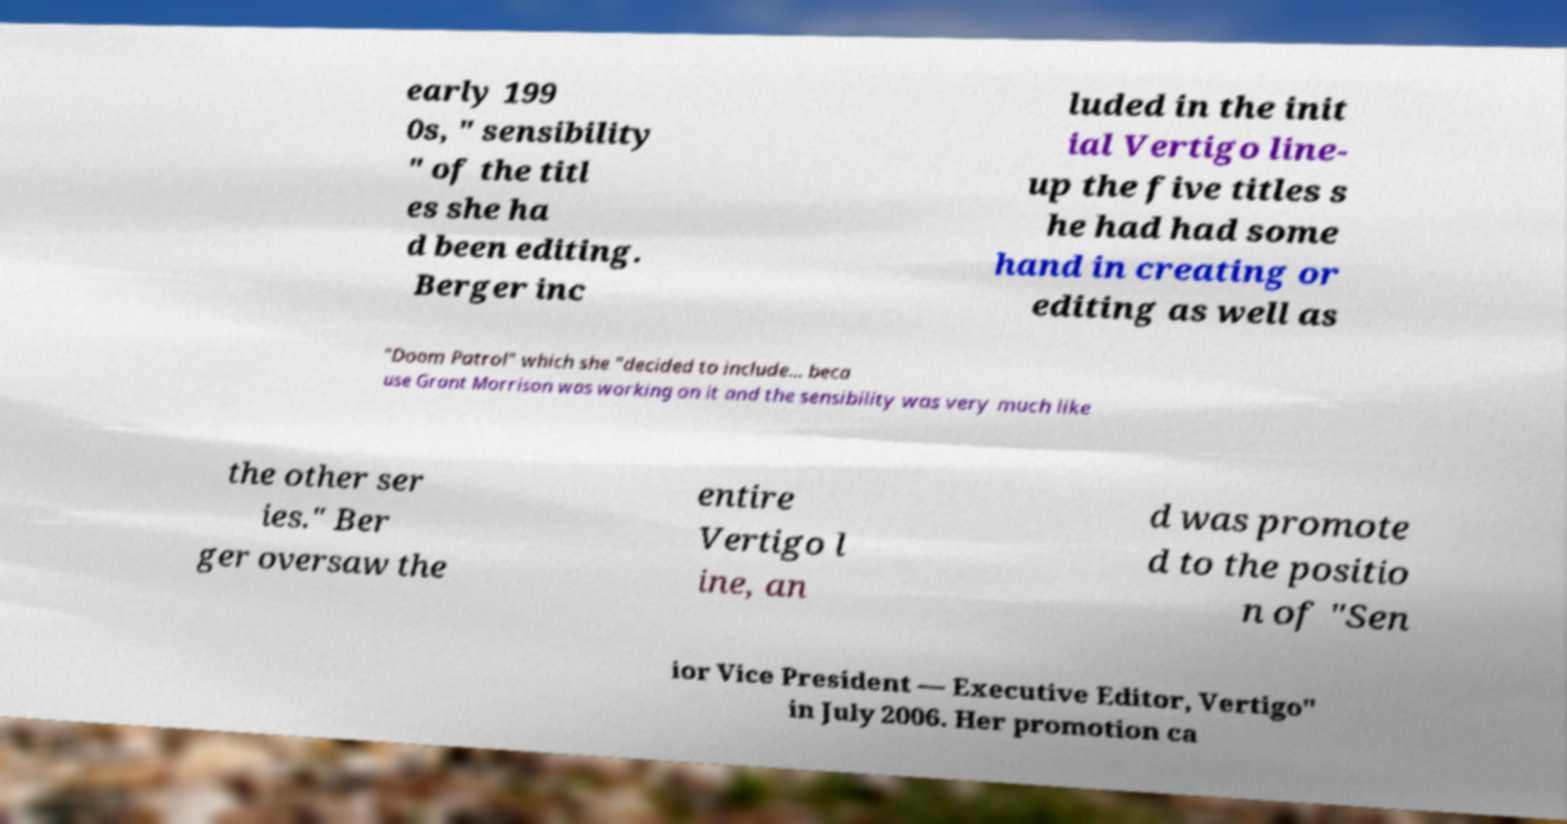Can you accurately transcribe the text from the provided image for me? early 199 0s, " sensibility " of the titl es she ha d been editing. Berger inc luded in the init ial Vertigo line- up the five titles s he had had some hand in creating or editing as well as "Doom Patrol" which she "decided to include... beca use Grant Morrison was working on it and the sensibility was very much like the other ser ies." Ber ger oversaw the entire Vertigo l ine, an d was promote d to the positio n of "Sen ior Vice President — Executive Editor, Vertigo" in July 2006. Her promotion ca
════════════════════
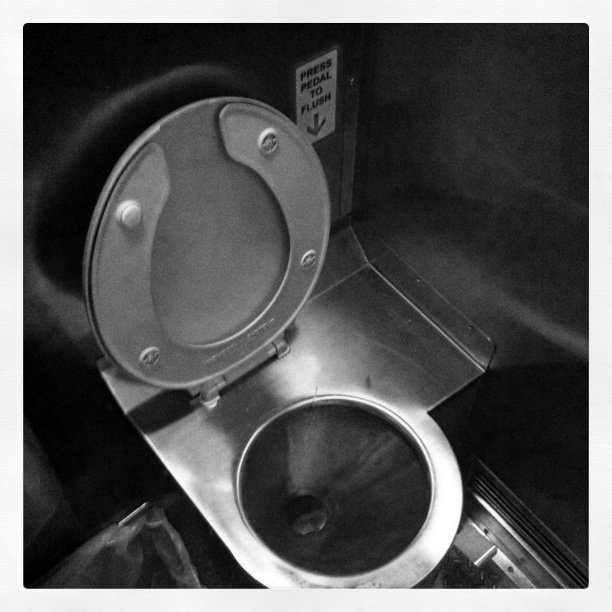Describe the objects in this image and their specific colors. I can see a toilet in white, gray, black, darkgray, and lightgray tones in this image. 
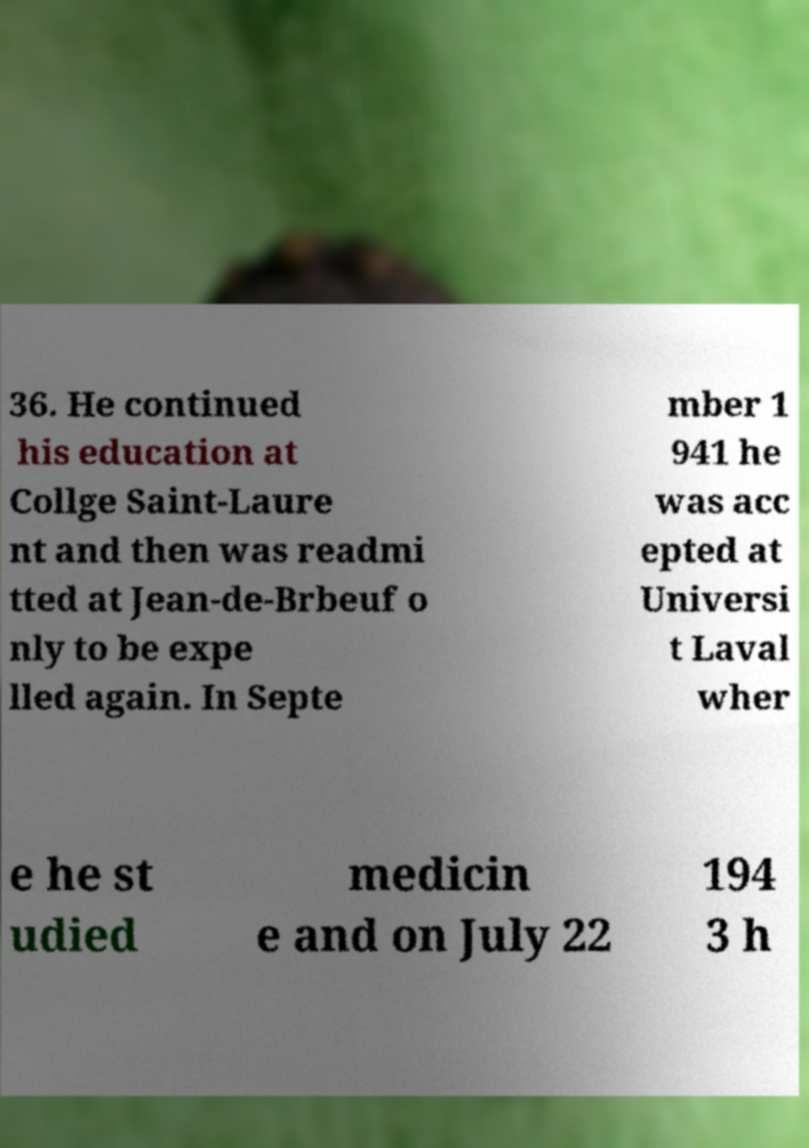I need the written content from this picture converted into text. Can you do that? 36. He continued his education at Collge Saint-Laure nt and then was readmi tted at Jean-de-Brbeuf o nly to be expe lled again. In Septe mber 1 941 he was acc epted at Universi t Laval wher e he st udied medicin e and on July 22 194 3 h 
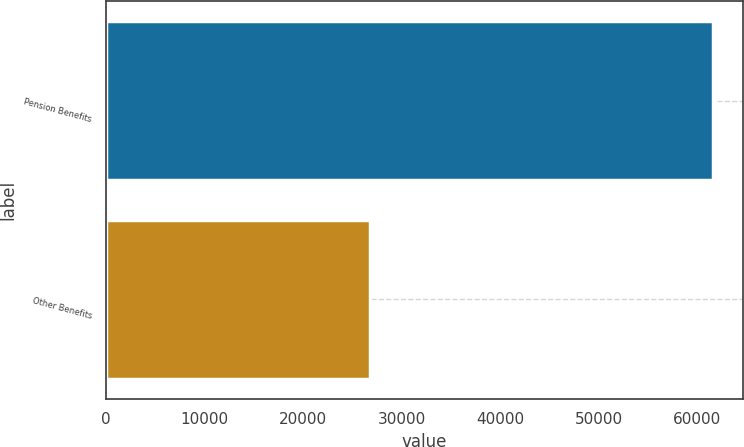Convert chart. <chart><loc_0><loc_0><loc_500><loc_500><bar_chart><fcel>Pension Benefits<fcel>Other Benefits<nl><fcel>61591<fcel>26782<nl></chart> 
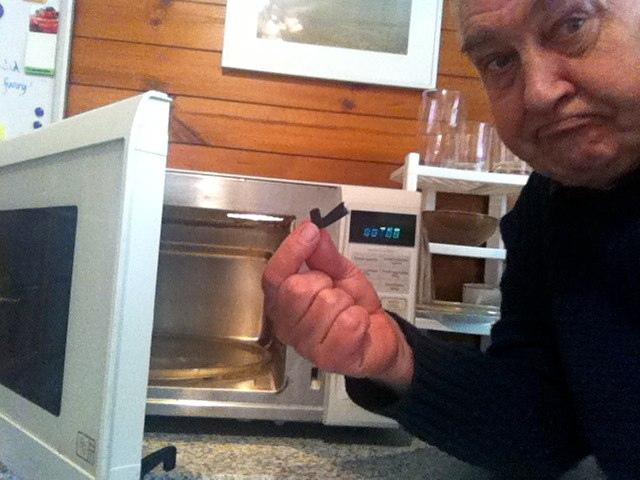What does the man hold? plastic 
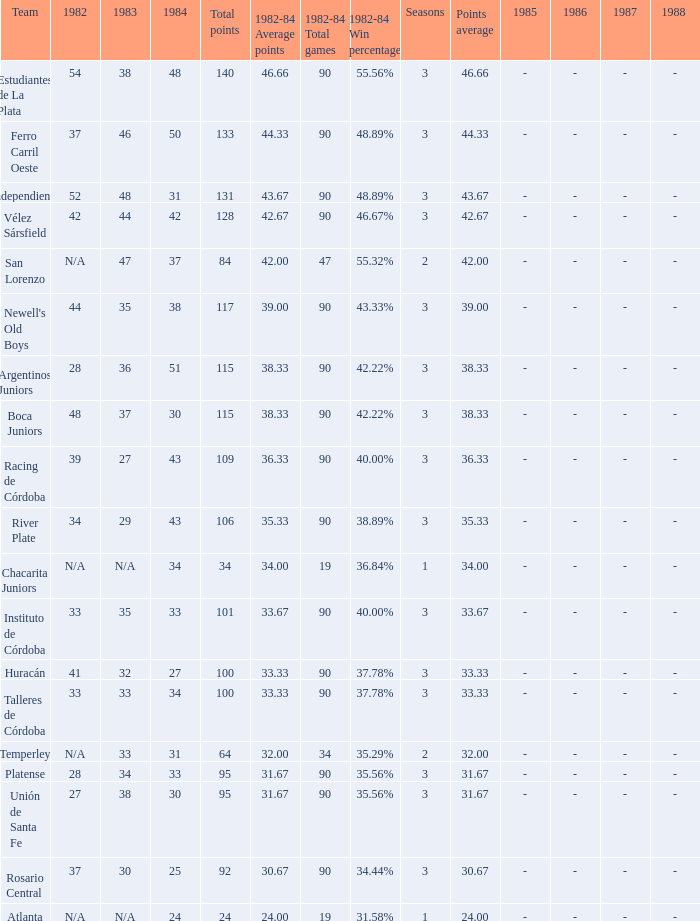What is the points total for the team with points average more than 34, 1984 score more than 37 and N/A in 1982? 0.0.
════════════════════
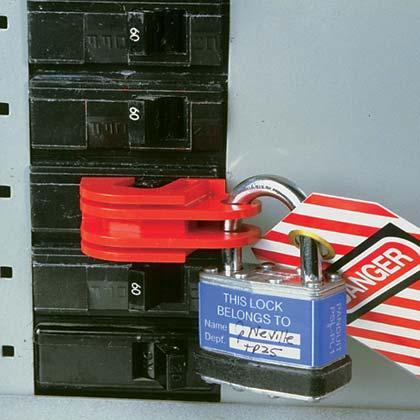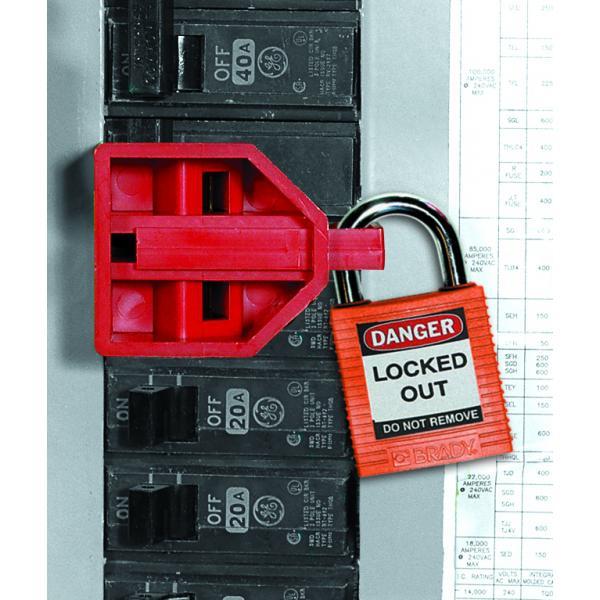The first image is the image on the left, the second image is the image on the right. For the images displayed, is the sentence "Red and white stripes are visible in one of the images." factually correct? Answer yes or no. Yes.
════════════════════
Go back to the listing above and reproduce, exactly, the stretch from the line bearing "I need the written" through the line bearing "What is the", without its pictures.

▶ **Worked solution**
I need the written content from this picture converted into text. Can you do that? 36. He continued his education at Collge Saint-Laure nt and then was readmi tted at Jean-de-Brbeuf o nly to be expe lled again. In Septe mber 1 941 he was acc epted at Universi t Laval wher e he st udied medicin e and on July 22 194 3 h 
Convert chart. <chart><loc_0><loc_0><loc_500><loc_500><bar_chart><fcel>Pension Benefits<fcel>Other Benefits<nl><fcel>61591<fcel>26782<nl></chart> 
What does the man hold? plastic 
What is the points total for the team with points average more than 34, 1984 score more than 37 and N/A in 1982? 0.0.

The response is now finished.